More recently, evidence for common descent has come from the study of biochemical similarities between organisms. For example, all living cells use the same basic set of nucleotides and amino acids. The development of molecular genetics has revealed the record of evolution left in organisms’ genomes: dating when species diverged through the molecular clock produced by mutations. For example, these DNA sequence comparisons have revealed that humans and chimpanzees share 98% of their genomes and analysing the few areas where they differ helps shed light on when the common ancestor of these species existed.
Evolution of life
Prokaryotes inhabited the Earth from approximately 3–4 billion years ago. No obvious changes in morphology or cellular organisation occurred in these organisms over the next few billion years. The eukaryotic cells emerged between 1.6 and 2.7 billion years ago. The next major change in cell structure came when bacteria were engulfed by eukaryotic cells, in a cooperative association called endosymbiosis.The engulfed bacteria and the host cell then underwent coevolution, with the bacteria evolving into either mitochondria or hydrogenosomes. Another engulfment of cyanobacterial-like organisms led to the formation of chloroplasts in algae and plants.
Evolutionary tree showing the divergence of modern species from their common ancestor in the centre. The three domains are coloured, with bacteria blue, archaea green and eukaryotes red.
The history of life was that of the unicellular eukaryotes, prokaryotes and archaea until about 610 million years ago when multicellular organisms began to appear in the oceans in the Ediacaran period. The evolution of multicellularity occurred in multiple independent events, in organisms as diverse as sponges, brown algae, cyanobacteria, slime moulds and myxobacteria. In January 2016, scientists reported that, about 800 million years ago, a minor genetic change in a single molecule called GK-PID may have allowed organisms to go from a single cell organism to one of many cells.
Soon after the emergence of these first multicellular organisms, a remarkable amount of biological diversity appeared over approximately 10 million years, in an event called the Cambrian explosion. Here, the majority of types of modern animals appeared in the fossil record, as well as unique lineages that subsequently became extinct. Various triggers for the Cambrian explosion have been proposed, including the accumulation of oxygen in the atmosphere from photosynthesis.

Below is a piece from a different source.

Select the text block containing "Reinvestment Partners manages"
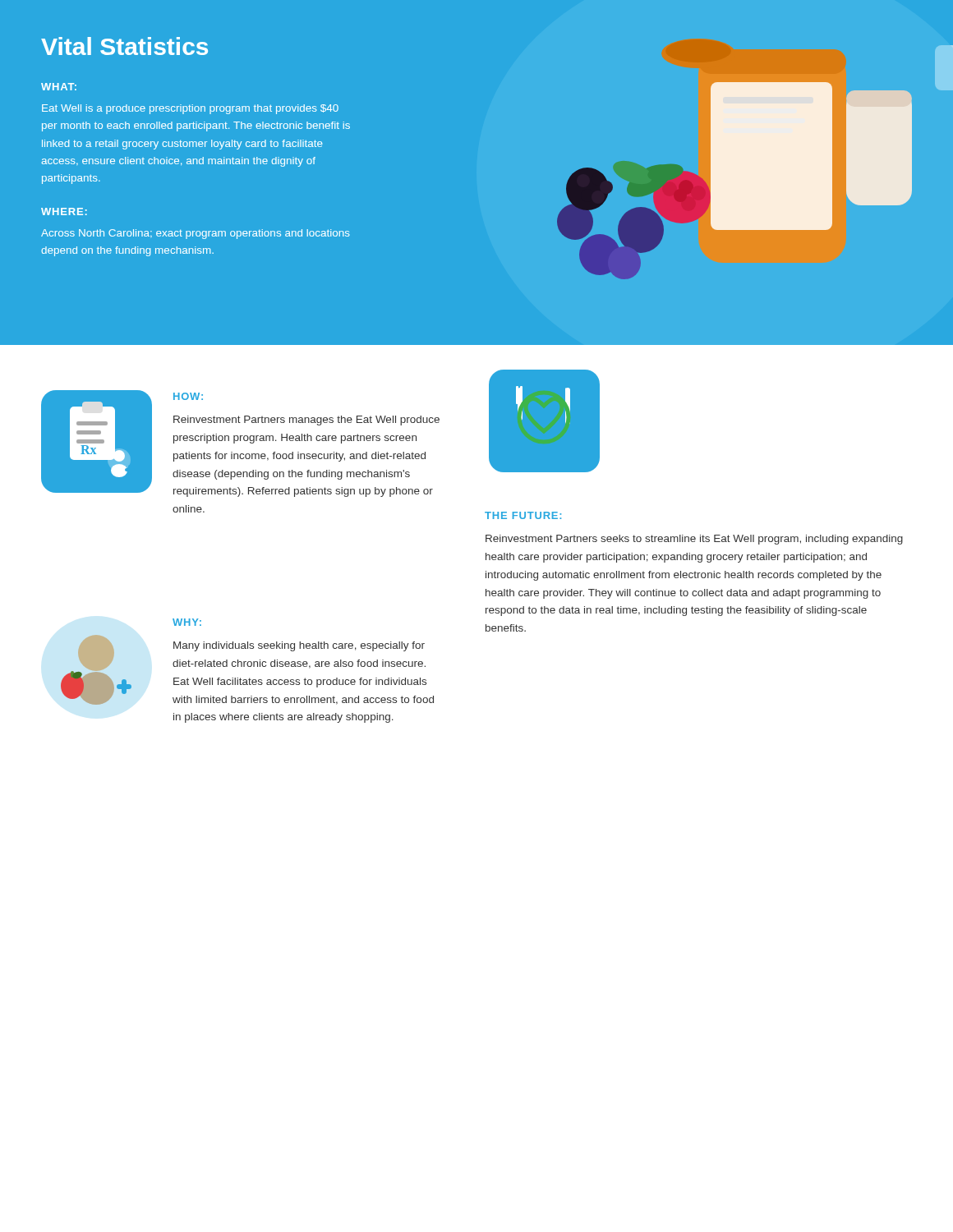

About 500 million years ago, plants and fungi colonised the land and were soon followed by arthropods and other animals. Insects were particularly successful and even today make up the majority of animal species. Amphibians first appeared around 364 million years ago, followed by early amniotes and birds around 155 million years ago (both from “reptile”-like lineages), mammals around 129 million years ago, Homininae around 10 million years ago and modern humans around 250,000 years ago.[300][301][302] However, despite the evolution of these large animals, smaller organisms similar to the types that evolved early in this process continue to be highly successful and dominate the Earth, with the majority of both biomass and species being prokaryotes.